Measuring “national happiness” is extremely tricky. First, nations aren’t happy or sad, it’s people who are happy or sad. So the question might be: is the average person on the street happier than before? But then again, who is the average person on the street? How representative are these polls of average people? Since I do not have access to the details of the polls, I make a few conjectural remarks.
First, it was around the end of the 1950s that civil rights agitation began in good force. The major legal breakthrough was in 1964, but there were many other things happening at the time. The 60s were dubbed an era of hippies and rebellion. Since the polls were taken in the 1950s prior to civil rights agitation, do we conclude that civil rights agitation is responsible for a decline in national happiness?
In the 1950s, the American economy was largely a national economy, not integrated into the world. There were many big businesses and relatively less competition. There was the concept of the “organization man” (note the gender bias) who joined a job at a young age and rose through the ranks. This was a satisfying and secure time.

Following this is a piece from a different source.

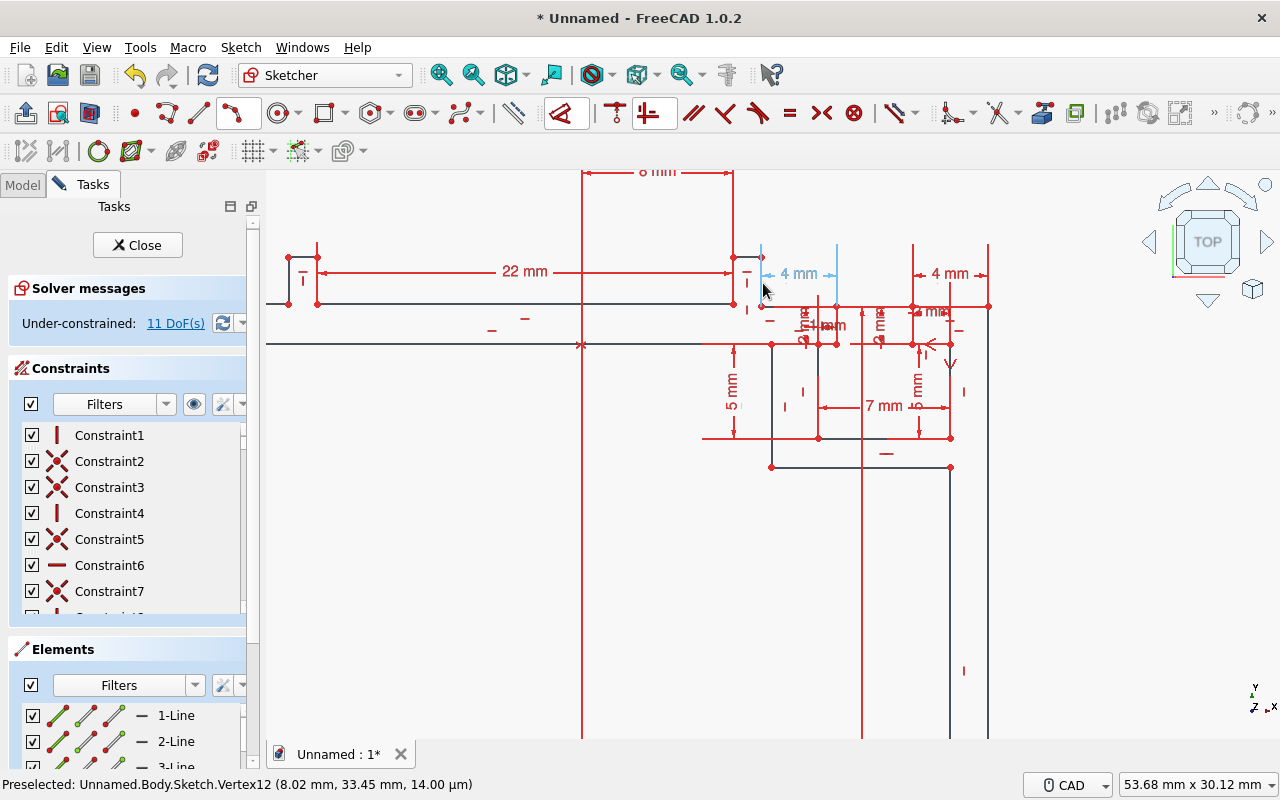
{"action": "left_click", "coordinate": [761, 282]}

Civil rights, increases in women seeking jobs, and increasing integration with and competition from the world economy led to more competitive pressure. Organizations had to painfully restructure, people moved from one job to the other both because of more opportunities and more layoffs. Couples started divorcing more. There was an increase in crime rates around the 70s and 80s. The economy went through many boom and bust periods. So, one could make a case that civil rights legislation and improvement in the position of women were largely responsible for a decrease in happiness. (A position that might be similar to some segments of the conservative movement).
But this is only partially true, and even if so, is meaningless and could be exaggerated in polls. Why? An “organization man”, once settled into a job, when asked whether he is satisfied with his job, isn’t thinking about alternatives much. He’s already settled. So, he may report a high level of satisfaction simply because of that, not because the job provides great pay or great stimulation and satisfaction. Similarly, a woman asked whether she’s happy with her marriage may report higher happiness if the possibility of divorce just hasn’t occurred to her, because such things are looked down upon by society.

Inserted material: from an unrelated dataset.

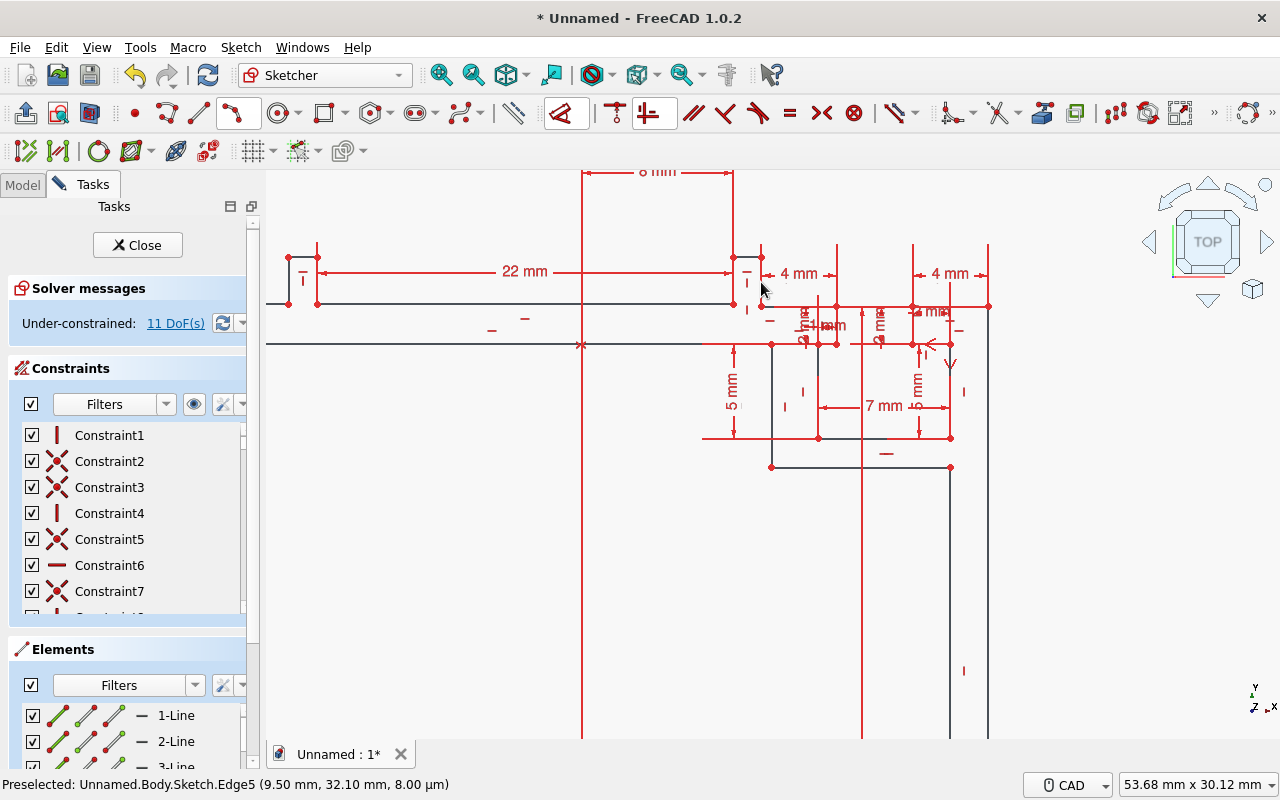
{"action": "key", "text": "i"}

Finally, self-rating is notoriously difficult for this and other reasons. Asking people whether they are “dissatisfied, satisfied, or very satisfied” with their job does not give meaningful, measurable and comparable results. A person living in non-grinding poverty may feel “satisfied” with life in a third-world country where people around her starve every day. But this same person may be very eager to move to another place that offers a better standard of living. Another person enjoying the higher standard of living may report feeling “dissatisfied”. The real test of who is more satisfied comes by looking at who moves where. Do people from India migrate to the United States, or vice versa? Do people from rural India migrate to urban India, or vice versa?

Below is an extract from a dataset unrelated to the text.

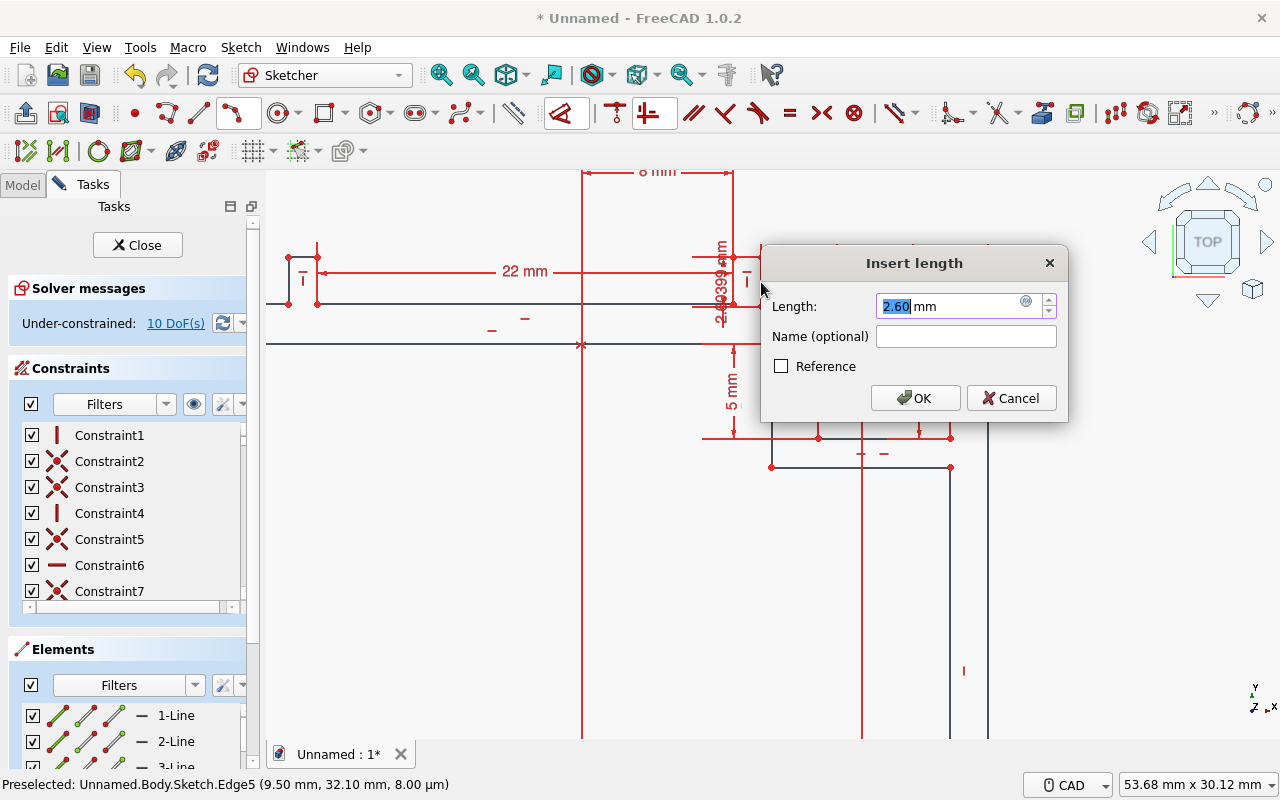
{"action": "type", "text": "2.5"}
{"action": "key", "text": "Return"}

Finally, Annie’s judgmentalism about what “really matters to us” strikes me as disgusting. What’s wrong with preferring to watch a movie (or a documentary such as Annie’s) all alone rather than spend the evening chatting with friends? What is wrong with a person choosing to slog day and night to become rich (or help society, or become famous, or simply for the stimulation) rather than choose to spend an evening relaxing and admiring nature? The best judge of what “really matters” may be how people voluntarily choose to do stuff, but Annie’s suggestion that for fifty years, people have voluntarily chosen to do stuff that doesn’t really matter to them is too radical to be made without substantial justification.